- GOAL OF THE EXERCISE:
Copy exactly the lines starting at the one that contains "Given: Where is" and running through the end of the material below. Exclude any pictures.

[DATA SHOWN]

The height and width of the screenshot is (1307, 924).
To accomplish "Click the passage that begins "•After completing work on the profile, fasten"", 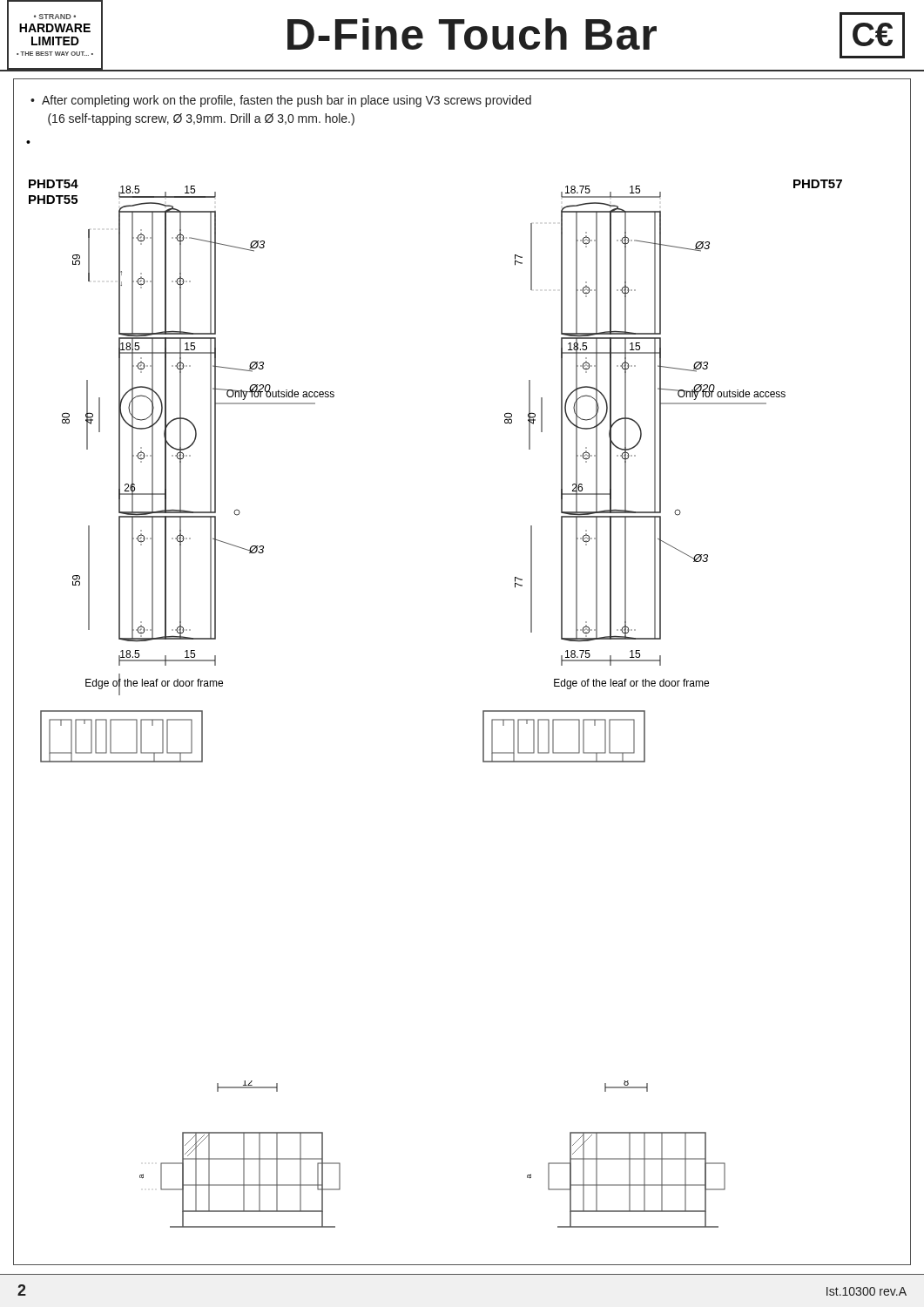I will (x=281, y=109).
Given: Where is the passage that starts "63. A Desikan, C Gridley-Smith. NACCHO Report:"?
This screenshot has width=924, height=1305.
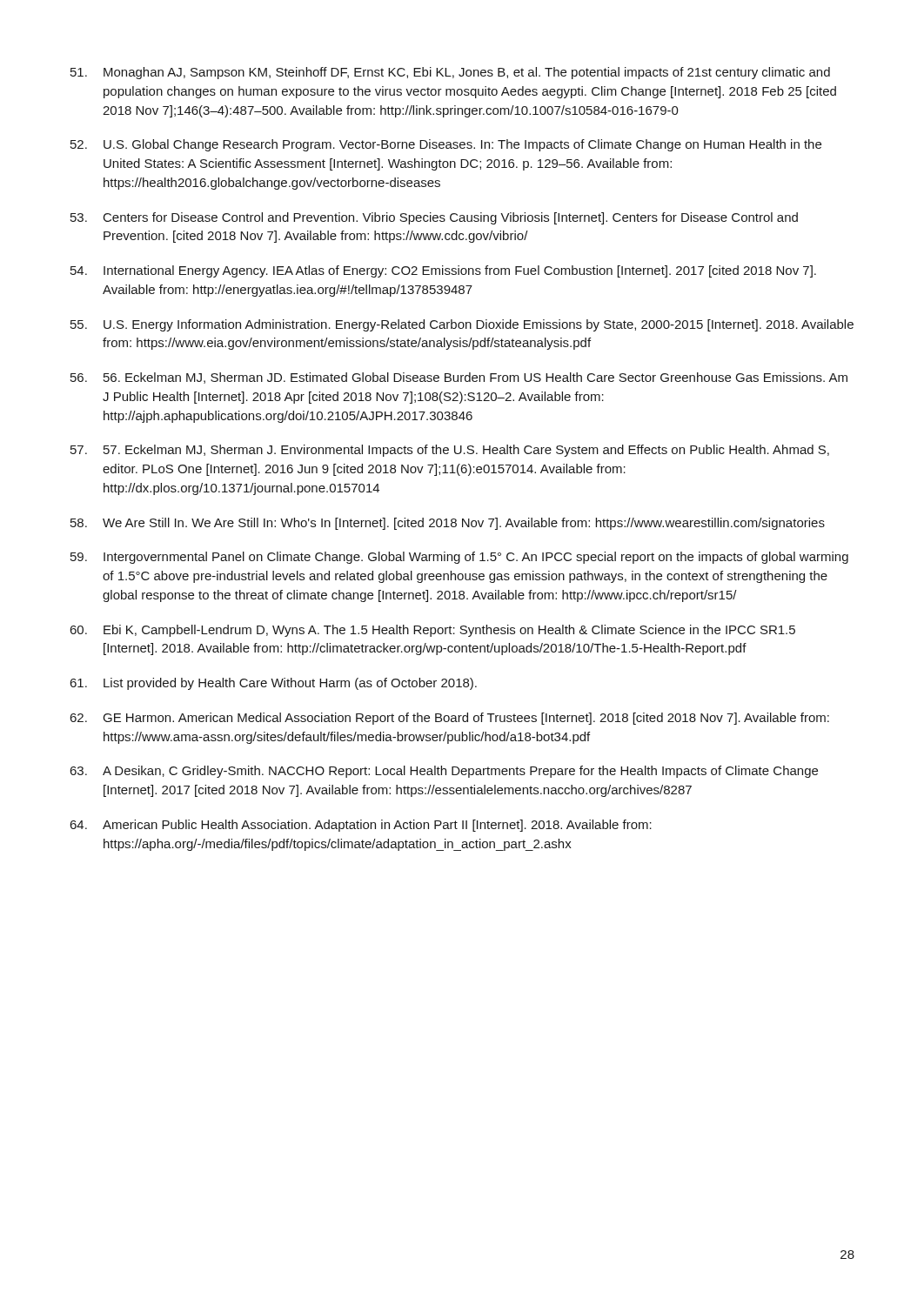Looking at the screenshot, I should click(x=462, y=780).

[/DATA SHOWN]

- SOLUTION TO THE PROBLEM:
Given: Where is the passage that starts "63. A Desikan, C Gridley-Smith. NACCHO Report:"?
This screenshot has width=924, height=1305.
Looking at the screenshot, I should click(x=462, y=780).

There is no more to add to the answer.